There's a really interesting article about football by Danny Finkelstein in this month's Financial World. His piece, which is about using data and statistics instead of punditry in soccer, contains a number of interesting snippets, but the most interesting part to me was the graph relating wages (as a proxy for total wealth of the soccer club) and the premier league points gained. The curve is clear and asymptotic: money does buy success and, exactly as you would suspect, the more money you spend the lower the marginal return.

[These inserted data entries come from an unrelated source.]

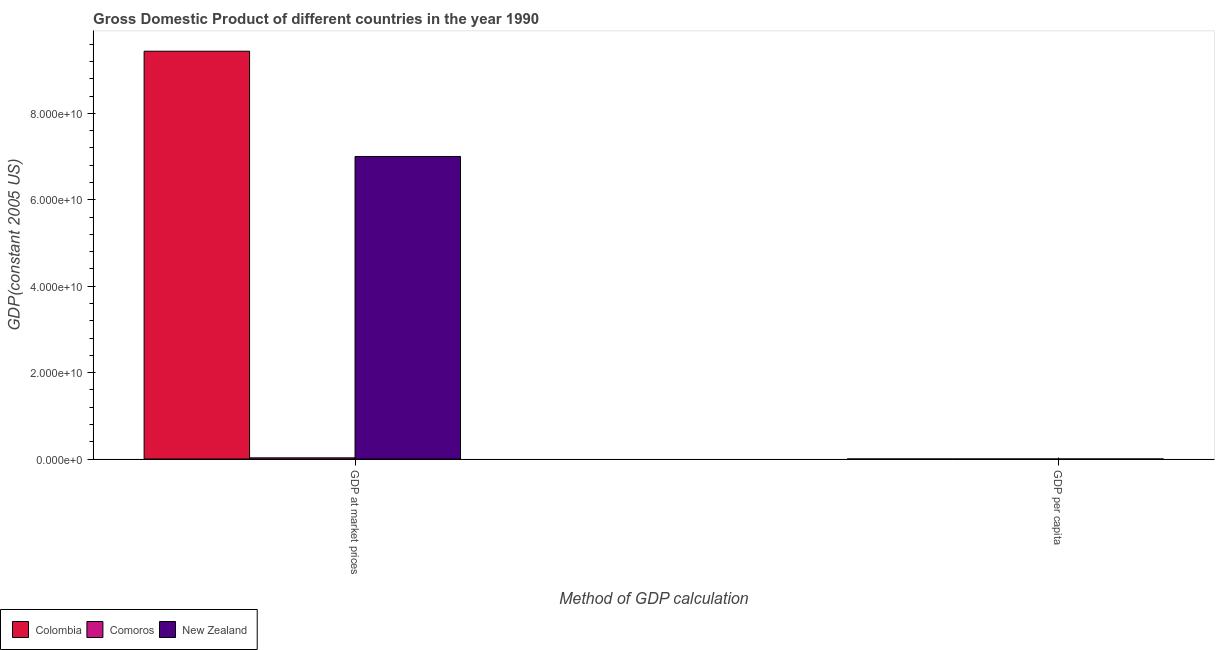How many groups of bars are there?
Offer a very short reply. 2. Are the number of bars per tick equal to the number of legend labels?
Make the answer very short. Yes. Are the number of bars on each tick of the X-axis equal?
Ensure brevity in your answer.  Yes. How many bars are there on the 2nd tick from the left?
Your answer should be compact. 3. How many bars are there on the 1st tick from the right?
Keep it short and to the point. 3. What is the label of the 2nd group of bars from the left?
Your response must be concise. GDP per capita. What is the gdp per capita in Colombia?
Make the answer very short. 2753.61. Across all countries, what is the maximum gdp per capita?
Your answer should be compact. 2.10e+04. Across all countries, what is the minimum gdp per capita?
Your response must be concise. 670.38. In which country was the gdp per capita maximum?
Ensure brevity in your answer.  New Zealand. In which country was the gdp at market prices minimum?
Ensure brevity in your answer.  Comoros. What is the total gdp per capita in the graph?
Your answer should be compact. 2.45e+04. What is the difference between the gdp at market prices in Colombia and that in New Zealand?
Offer a terse response. 2.44e+1. What is the difference between the gdp at market prices in New Zealand and the gdp per capita in Colombia?
Ensure brevity in your answer.  7.00e+1. What is the average gdp per capita per country?
Your response must be concise. 8150.17. What is the difference between the gdp at market prices and gdp per capita in New Zealand?
Offer a terse response. 7.00e+1. In how many countries, is the gdp per capita greater than 56000000000 US$?
Offer a very short reply. 0. What is the ratio of the gdp at market prices in Colombia to that in Comoros?
Keep it short and to the point. 339.09. What does the 2nd bar from the left in GDP per capita represents?
Ensure brevity in your answer.  Comoros. What does the 2nd bar from the right in GDP at market prices represents?
Offer a terse response. Comoros. How many countries are there in the graph?
Provide a succinct answer. 3. What is the difference between two consecutive major ticks on the Y-axis?
Offer a terse response. 2.00e+1. Does the graph contain any zero values?
Make the answer very short. No. Does the graph contain grids?
Make the answer very short. No. Where does the legend appear in the graph?
Offer a very short reply. Bottom left. How many legend labels are there?
Provide a short and direct response. 3. What is the title of the graph?
Keep it short and to the point. Gross Domestic Product of different countries in the year 1990. Does "Mali" appear as one of the legend labels in the graph?
Give a very brief answer. No. What is the label or title of the X-axis?
Ensure brevity in your answer.  Method of GDP calculation. What is the label or title of the Y-axis?
Provide a succinct answer. GDP(constant 2005 US). What is the GDP(constant 2005 US) of Colombia in GDP at market prices?
Your answer should be compact. 9.44e+1. What is the GDP(constant 2005 US) of Comoros in GDP at market prices?
Your answer should be very brief. 2.78e+08. What is the GDP(constant 2005 US) in New Zealand in GDP at market prices?
Provide a succinct answer. 7.00e+1. What is the GDP(constant 2005 US) in Colombia in GDP per capita?
Your answer should be very brief. 2753.61. What is the GDP(constant 2005 US) of Comoros in GDP per capita?
Offer a terse response. 670.38. What is the GDP(constant 2005 US) in New Zealand in GDP per capita?
Ensure brevity in your answer.  2.10e+04. Across all Method of GDP calculation, what is the maximum GDP(constant 2005 US) of Colombia?
Ensure brevity in your answer.  9.44e+1. Across all Method of GDP calculation, what is the maximum GDP(constant 2005 US) of Comoros?
Keep it short and to the point. 2.78e+08. Across all Method of GDP calculation, what is the maximum GDP(constant 2005 US) in New Zealand?
Your answer should be very brief. 7.00e+1. Across all Method of GDP calculation, what is the minimum GDP(constant 2005 US) of Colombia?
Your response must be concise. 2753.61. Across all Method of GDP calculation, what is the minimum GDP(constant 2005 US) in Comoros?
Make the answer very short. 670.38. Across all Method of GDP calculation, what is the minimum GDP(constant 2005 US) of New Zealand?
Make the answer very short. 2.10e+04. What is the total GDP(constant 2005 US) of Colombia in the graph?
Offer a very short reply. 9.44e+1. What is the total GDP(constant 2005 US) of Comoros in the graph?
Ensure brevity in your answer.  2.78e+08. What is the total GDP(constant 2005 US) of New Zealand in the graph?
Keep it short and to the point. 7.00e+1. What is the difference between the GDP(constant 2005 US) of Colombia in GDP at market prices and that in GDP per capita?
Offer a very short reply. 9.44e+1. What is the difference between the GDP(constant 2005 US) in Comoros in GDP at market prices and that in GDP per capita?
Give a very brief answer. 2.78e+08. What is the difference between the GDP(constant 2005 US) in New Zealand in GDP at market prices and that in GDP per capita?
Give a very brief answer. 7.00e+1. What is the difference between the GDP(constant 2005 US) of Colombia in GDP at market prices and the GDP(constant 2005 US) of Comoros in GDP per capita?
Offer a terse response. 9.44e+1. What is the difference between the GDP(constant 2005 US) in Colombia in GDP at market prices and the GDP(constant 2005 US) in New Zealand in GDP per capita?
Make the answer very short. 9.44e+1. What is the difference between the GDP(constant 2005 US) of Comoros in GDP at market prices and the GDP(constant 2005 US) of New Zealand in GDP per capita?
Ensure brevity in your answer.  2.78e+08. What is the average GDP(constant 2005 US) of Colombia per Method of GDP calculation?
Ensure brevity in your answer.  4.72e+1. What is the average GDP(constant 2005 US) of Comoros per Method of GDP calculation?
Ensure brevity in your answer.  1.39e+08. What is the average GDP(constant 2005 US) of New Zealand per Method of GDP calculation?
Provide a succinct answer. 3.50e+1. What is the difference between the GDP(constant 2005 US) in Colombia and GDP(constant 2005 US) in Comoros in GDP at market prices?
Make the answer very short. 9.41e+1. What is the difference between the GDP(constant 2005 US) of Colombia and GDP(constant 2005 US) of New Zealand in GDP at market prices?
Your answer should be very brief. 2.44e+1. What is the difference between the GDP(constant 2005 US) in Comoros and GDP(constant 2005 US) in New Zealand in GDP at market prices?
Your response must be concise. -6.97e+1. What is the difference between the GDP(constant 2005 US) in Colombia and GDP(constant 2005 US) in Comoros in GDP per capita?
Your response must be concise. 2083.23. What is the difference between the GDP(constant 2005 US) of Colombia and GDP(constant 2005 US) of New Zealand in GDP per capita?
Ensure brevity in your answer.  -1.83e+04. What is the difference between the GDP(constant 2005 US) of Comoros and GDP(constant 2005 US) of New Zealand in GDP per capita?
Offer a terse response. -2.04e+04. What is the ratio of the GDP(constant 2005 US) of Colombia in GDP at market prices to that in GDP per capita?
Ensure brevity in your answer.  3.43e+07. What is the ratio of the GDP(constant 2005 US) of Comoros in GDP at market prices to that in GDP per capita?
Make the answer very short. 4.15e+05. What is the ratio of the GDP(constant 2005 US) in New Zealand in GDP at market prices to that in GDP per capita?
Ensure brevity in your answer.  3.33e+06. What is the difference between the highest and the second highest GDP(constant 2005 US) of Colombia?
Keep it short and to the point. 9.44e+1. What is the difference between the highest and the second highest GDP(constant 2005 US) in Comoros?
Provide a short and direct response. 2.78e+08. What is the difference between the highest and the second highest GDP(constant 2005 US) of New Zealand?
Your response must be concise. 7.00e+1. What is the difference between the highest and the lowest GDP(constant 2005 US) of Colombia?
Keep it short and to the point. 9.44e+1. What is the difference between the highest and the lowest GDP(constant 2005 US) in Comoros?
Make the answer very short. 2.78e+08. What is the difference between the highest and the lowest GDP(constant 2005 US) of New Zealand?
Provide a short and direct response. 7.00e+1.

Teams above the curve (eg, Portsmouth) have something (generally speaking, a manager) that enables them to outperform the players alone whereas clubs below the curve (eg, Manchester City) will have to spend a huge amount of money to get additional points that the players aren't earning them. Fortunately, Manchester City have absolutely the hugest amount of money imaginable and they apparently bid ONE HUNDRED AND SEVENTY FIVE MILLION POUNDS to bring Kaka to Middle Eastlands (as the City fans were signing earlier in the season, "fill up your car, we're buy Kaka").
As well as a world-record transfer fee, City’s owners are reported to have offered the player a £75 million signing-on fee and wages in the region of £250,000 a week.
[From How can AC Milan spend £100m on Kaka in a recession? - Telegraph]
As a lifelong blue, I have to say that I hope they fail to get him. There is something utterly obscene about spending that much money on a footballer, something just plain wrong.